2023 Key Milestones and Catalysts
- The U.S. Food and Drug Administration (FDA) has granted Fast Track designation to MRT-2359 for the treatment of patients with previously treated, metastatic NSCLC with L-MYC or N-MYC expression
- The company anticipates disclosing initial data from the Phase 1 arm of the ongoing Phase 1/2 clinical trial evaluating MRT-2359 in the second half of 2023
- The company anticipates the nomination of multiple development candidates in 2023 for its programs oncology, autoimmune and inflammatory diseases
J.P. Morgan Healthcare Conference
Dr. Warmuth will present Monte Rosa’s pipeline and business updates during a presentation at the 41st Annual J.P. Morgan Healthcare Conference on Wednesday, January 11, 2023, at 11:15 a.m. PT. An archived webcast of the presentation will be made available via the “Events & Presentations” section of the company’s investor site at https://ir.monterosatx.com/.

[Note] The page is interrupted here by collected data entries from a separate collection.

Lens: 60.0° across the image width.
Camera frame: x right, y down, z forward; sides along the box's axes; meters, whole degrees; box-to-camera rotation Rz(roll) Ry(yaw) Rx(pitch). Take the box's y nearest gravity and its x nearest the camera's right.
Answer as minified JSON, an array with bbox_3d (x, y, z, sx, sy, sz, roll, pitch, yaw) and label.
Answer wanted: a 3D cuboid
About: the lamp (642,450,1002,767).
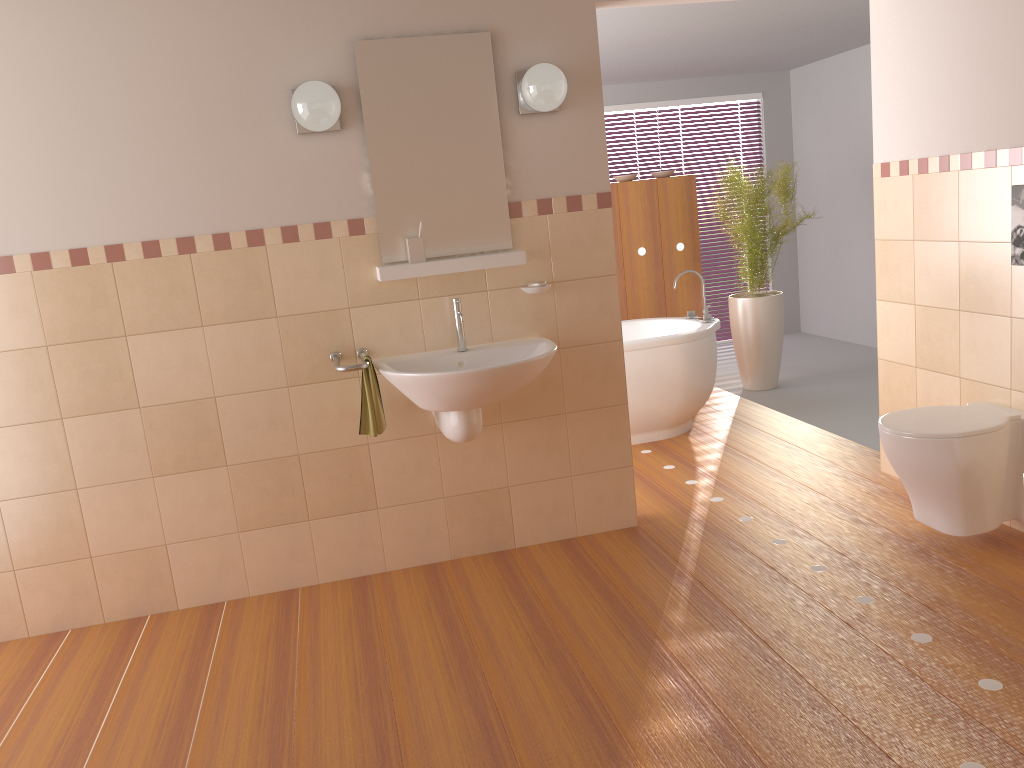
[{"bbox_3d":[-0.483,0.830,3.166,3.173,0.001,2.893,-8,11,-11],"label":"lamp"}]

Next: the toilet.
[{"bbox_3d":[1.604,0.312,3.217,0.534,0.400,0.375,-8,11,-11],"label":"toilet"}]

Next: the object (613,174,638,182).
[{"bbox_3d":[0.777,-1.402,6.062,0.173,0.046,0.173,-8,11,-11],"label":"object"}]

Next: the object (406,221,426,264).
[{"bbox_3d":[-0.359,-0.525,3.292,0.063,0.149,0.073,-8,11,-11],"label":"object"}]

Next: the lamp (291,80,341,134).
[{"bbox_3d":[-0.687,-0.973,3.113,0.173,0.173,0.209,-8,11,-11],"label":"lamp"}]

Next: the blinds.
[{"bbox_3d":[-0.056,-1.108,7.361,4.712,2.022,0.032,-8,11,-11],"label":"blinds"}]

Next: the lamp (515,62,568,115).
[{"bbox_3d":[0.115,-1.090,3.269,0.173,0.173,0.209,-8,11,-11],"label":"lamp"}]

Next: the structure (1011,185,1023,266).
[{"bbox_3d":[1.780,-0.544,3.044,0.005,0.279,0.170,-8,11,-11],"label":"structure"}]

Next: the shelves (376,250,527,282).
[{"bbox_3d":[-0.228,-0.447,3.342,0.554,0.050,0.138,-8,11,-11],"label":"shelves"}]

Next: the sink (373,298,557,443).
[{"bbox_3d":[-0.146,-0.041,3.225,0.683,0.516,0.539,-8,11,-11],"label":"sink"}]

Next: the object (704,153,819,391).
[{"bbox_3d":[1.707,-0.739,5.862,0.683,1.557,1.335,-2,12,21],"label":"object"}]

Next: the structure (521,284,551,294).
[{"bbox_3d":[0.099,-0.365,3.451,0.117,0.029,0.092,-8,11,-11],"label":"structure"}]

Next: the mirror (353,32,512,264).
[{"bbox_3d":[-0.285,-0.878,3.308,0.502,0.799,0.008,-8,11,-11],"label":"mirror"}]

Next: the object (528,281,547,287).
[{"bbox_3d":[0.098,-0.387,3.448,0.075,0.023,0.050,4,15,42],"label":"object"}]

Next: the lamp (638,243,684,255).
[{"bbox_3d":[0.613,-0.862,5.982,1.169,0.052,0.001,-8,11,-11],"label":"lamp"}]

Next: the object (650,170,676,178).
[{"bbox_3d":[1.041,-1.441,6.114,0.173,0.046,0.173,-8,11,-11],"label":"object"}]

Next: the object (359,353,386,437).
[{"bbox_3d":[-0.516,0.037,3.256,0.085,0.306,0.181,-5,11,5],"label":"object"}]

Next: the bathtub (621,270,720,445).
[{"bbox_3d":[0.346,-0.126,5.203,1.874,0.900,0.888,-8,11,-11],"label":"bathtub"}]

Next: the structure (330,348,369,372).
[{"bbox_3d":[-0.587,-0.081,3.225,0.142,0.042,0.333,-8,11,-11],"label":"structure"}]

MRT-2359 is a potent, selective and orally bioavailable molecular glue degrader (MGD) that induces the interaction between the E3 ubiquitin ligase component cereblon and the translation termination factor GSPT1, leading to the targeted degradation of GSPT1 protein. The MYC transcription factors (c‑MYC, L-MYC and N-MYC) are well-established drivers of human cancers that maintain high levels of protein translation, which is critical for uncontrolled cell proliferation and tumor growth. Our preclinical studies have shown that this addiction to MYC-induced protein translation creates a dependency on GSPT1. By inducing degradation of GSPT1, MRT-2359 exploits this vulnerability, disrupting the protein synthesis machinery and leading to anti-tumor activity in MYC-driven tumors.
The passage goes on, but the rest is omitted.